“Let me assure you, this, like any story worth telling, is all about a girl…”
Is the story of Bukhari’s accident worth telling, then?
A cottage industry, of sorts, of the rumour mills revolving around the terrible injuries sustained by lawyer Naeem Bukhari in London. How about a guided tour? He simply fell down is the official line, of course. Then, there is the entire spectrum of theories that calls out this official line. The injuries, argue these folk, are inconsistent with that explanation.
They say that Bukhari, ever the Ravian cad that he is, flirted with a young lady, whose brother(s) and significant other were around. They treated the fellow to a knuckle sandwich or seventeen. Though the injuries suggest trauma caused by contact with blunt objects. Yes, the boys had rods, says this lot.

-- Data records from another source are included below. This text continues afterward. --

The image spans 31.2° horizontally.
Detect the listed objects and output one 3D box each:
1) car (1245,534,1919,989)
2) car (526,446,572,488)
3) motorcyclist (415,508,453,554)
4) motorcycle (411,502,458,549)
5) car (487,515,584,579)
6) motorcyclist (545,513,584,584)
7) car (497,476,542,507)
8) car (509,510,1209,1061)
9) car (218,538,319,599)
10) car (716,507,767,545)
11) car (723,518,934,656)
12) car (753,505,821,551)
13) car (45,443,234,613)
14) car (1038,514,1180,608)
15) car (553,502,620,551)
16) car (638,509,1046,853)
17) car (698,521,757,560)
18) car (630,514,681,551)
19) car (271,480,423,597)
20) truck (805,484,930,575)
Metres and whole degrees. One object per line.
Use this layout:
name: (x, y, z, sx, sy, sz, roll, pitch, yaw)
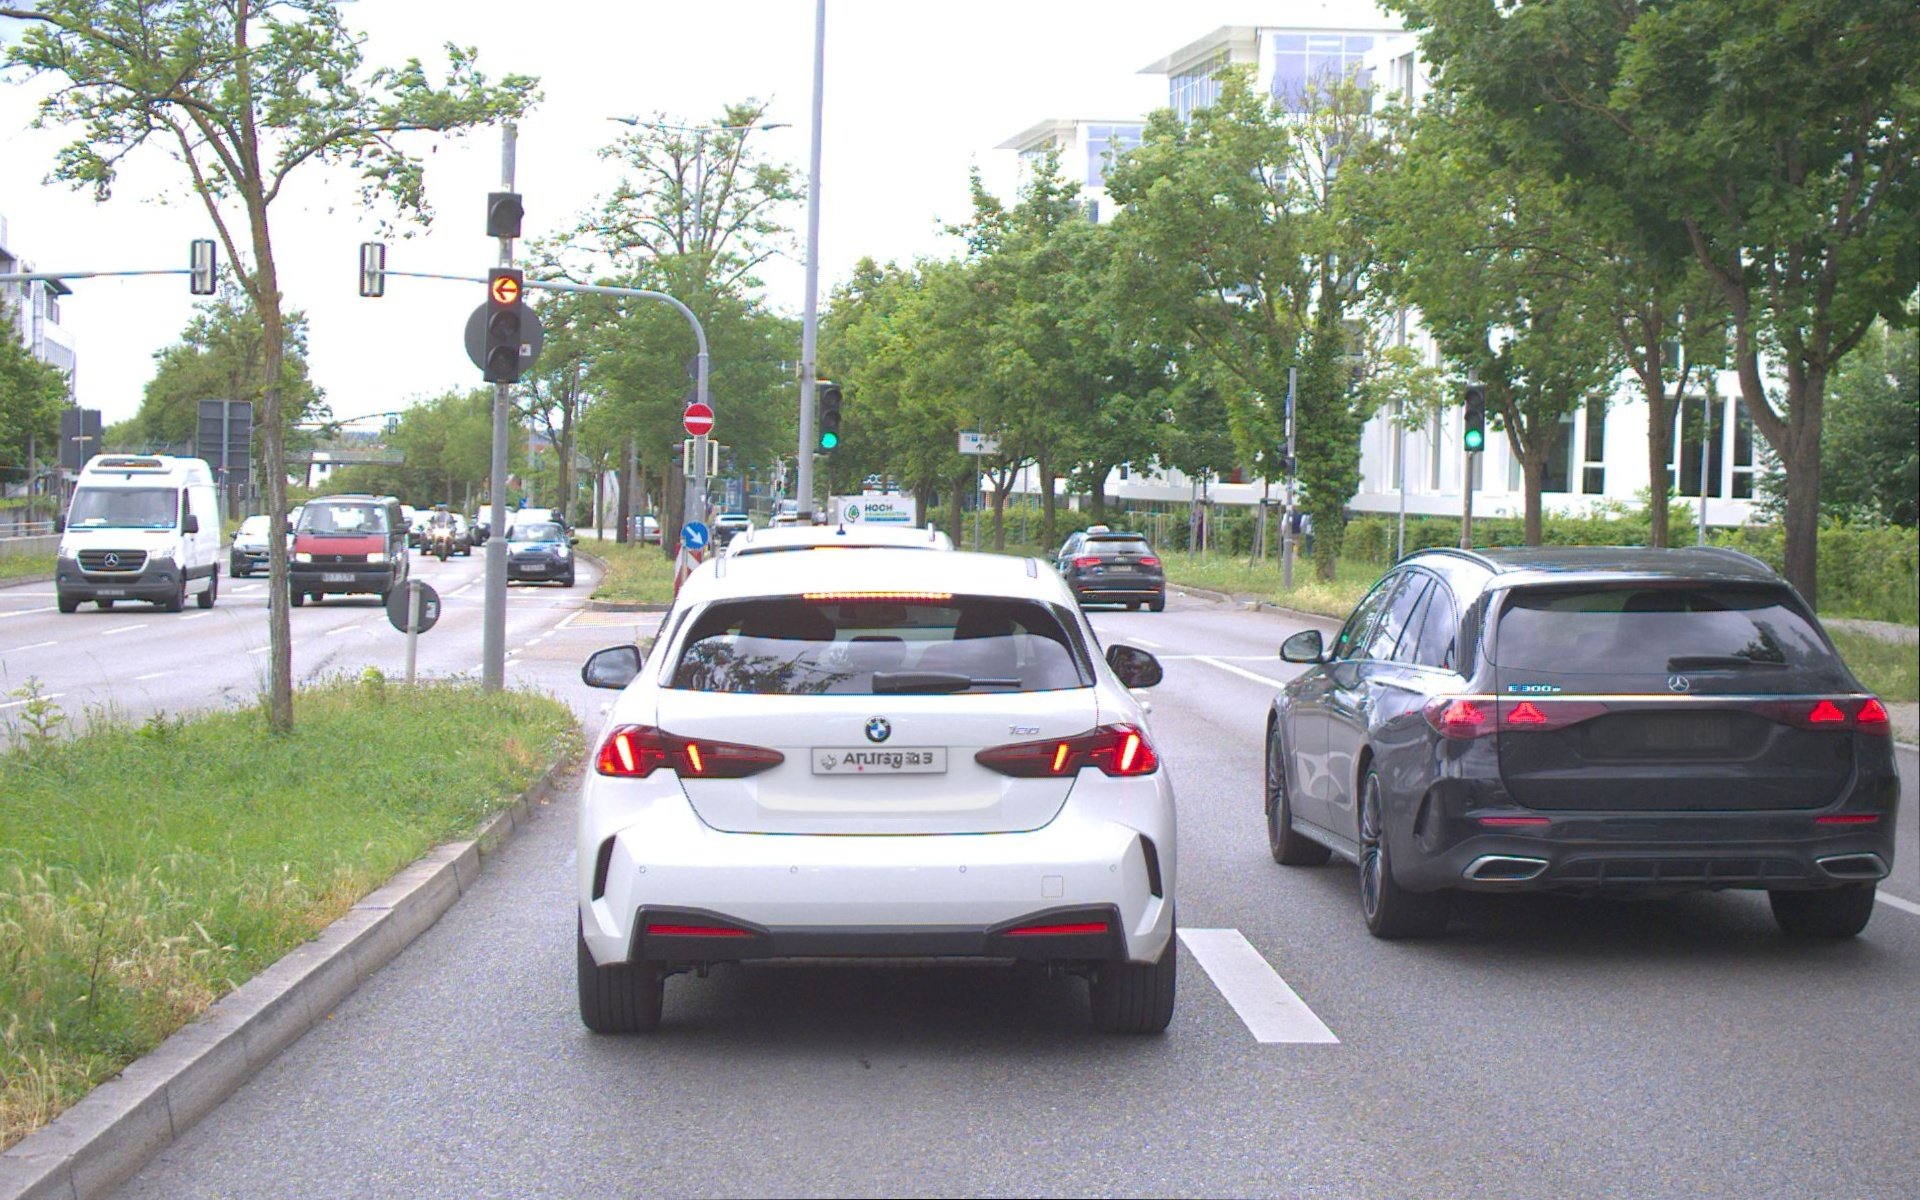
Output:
car: (2.476, 0.497, 14.064, 2.053, 1.481, 4.974, -1, 1, -1)
car: (-21.182, -6.829, 177.307, 1.993, 2.004, 4.325, 3, 1, -4)
motorcyclist: (-16.233, -2.127, 106.118, 0.910, 1.387, 1.674, 1, 1, -1)
motorcycle: (-16.238, -2.302, 106.324, 0.889, 1.393, 4.000, 1, 1, -1)
car: (-9.417, -1.194, 76.494, 1.754, 1.366, 3.780, 0, 1, -1)
motorcyclist: (-10.343, -1.359, 89.959, 0.848, 1.830, 1.259, 1, 1, -1)
car: (-24.898, -6.132, 194.451, 1.993, 1.612, 4.000, 3, 1, -1)
car: (-0.221, 0.476, 11.301, 1.863, 1.444, 4.000, 1, 1, 2)
car: (-16.611, -0.775, 82.711, 1.708, 1.414, 3.803, 0, 1, -1)
car: (-9.012, -3.055, 141.918, 1.993, 1.485, 4.001, 2, 1, -3)
car: (-1.503, -0.169, 40.688, 1.994, 1.503, 3.999, 1, 1, 5)
car: (-5.969, -2.482, 118.214, 1.993, 1.503, 4.001, 1, 1, -8)
car: (-13.715, -1.219, 57.801, 1.993, 2.625, 5.876, 3, 1, -4)
car: (2.632, -0.720, 61.585, 1.993, 1.590, 4.001, 1, 1, -5)
car: (-11.597, -2.297, 106.957, 1.708, 1.492, 3.803, 0, 1, -1)
car: (-0.588, 0.377, 19.116, 1.993, 1.666, 4.000, 1, 1, 0)
car: (-9.387, -2.422, 138.690, 1.993, 1.503, 4.001, 1, 1, -9)
car: (-12.924, -2.888, 146.081, 1.993, 1.485, 4.001, 2, 1, -3)
car: (-11.067, -1.067, 62.399, 1.935, 1.911, 4.973, -1, -1, -1)
truck: (-2.754, -2.040, 100.400, 2.858, 2.511, 6.289, 1, 1, -9)

Then there is the lot that says there was no lady involved. That Bukhari, being the androon L’hori boy that he is, got into an altercation with some fellow at the station.
Then there is the explanation saying that the official line was correct, but that the fellow was “happy” at the time. Though this “happiness” figures in the other explanations as well.
Then, him being a member of the PTI, is the other-party line. They say that the Noon’s Goons had Gullu Butted him. In London. This theory is so outlandish that the man himself has been at pains to reject it. “I fainted and suffered a collapse at an underground station in London,” Bokhari told media persons on Saturday.
“My wife and daughter were with me when I fell flat on my face and suffered injuries,” he said, adding that there was no truth on propaganda being done on social media.
In any case, he was supposed to attend a fundraising function for the Namal varsity, which he couldn’t, eventually.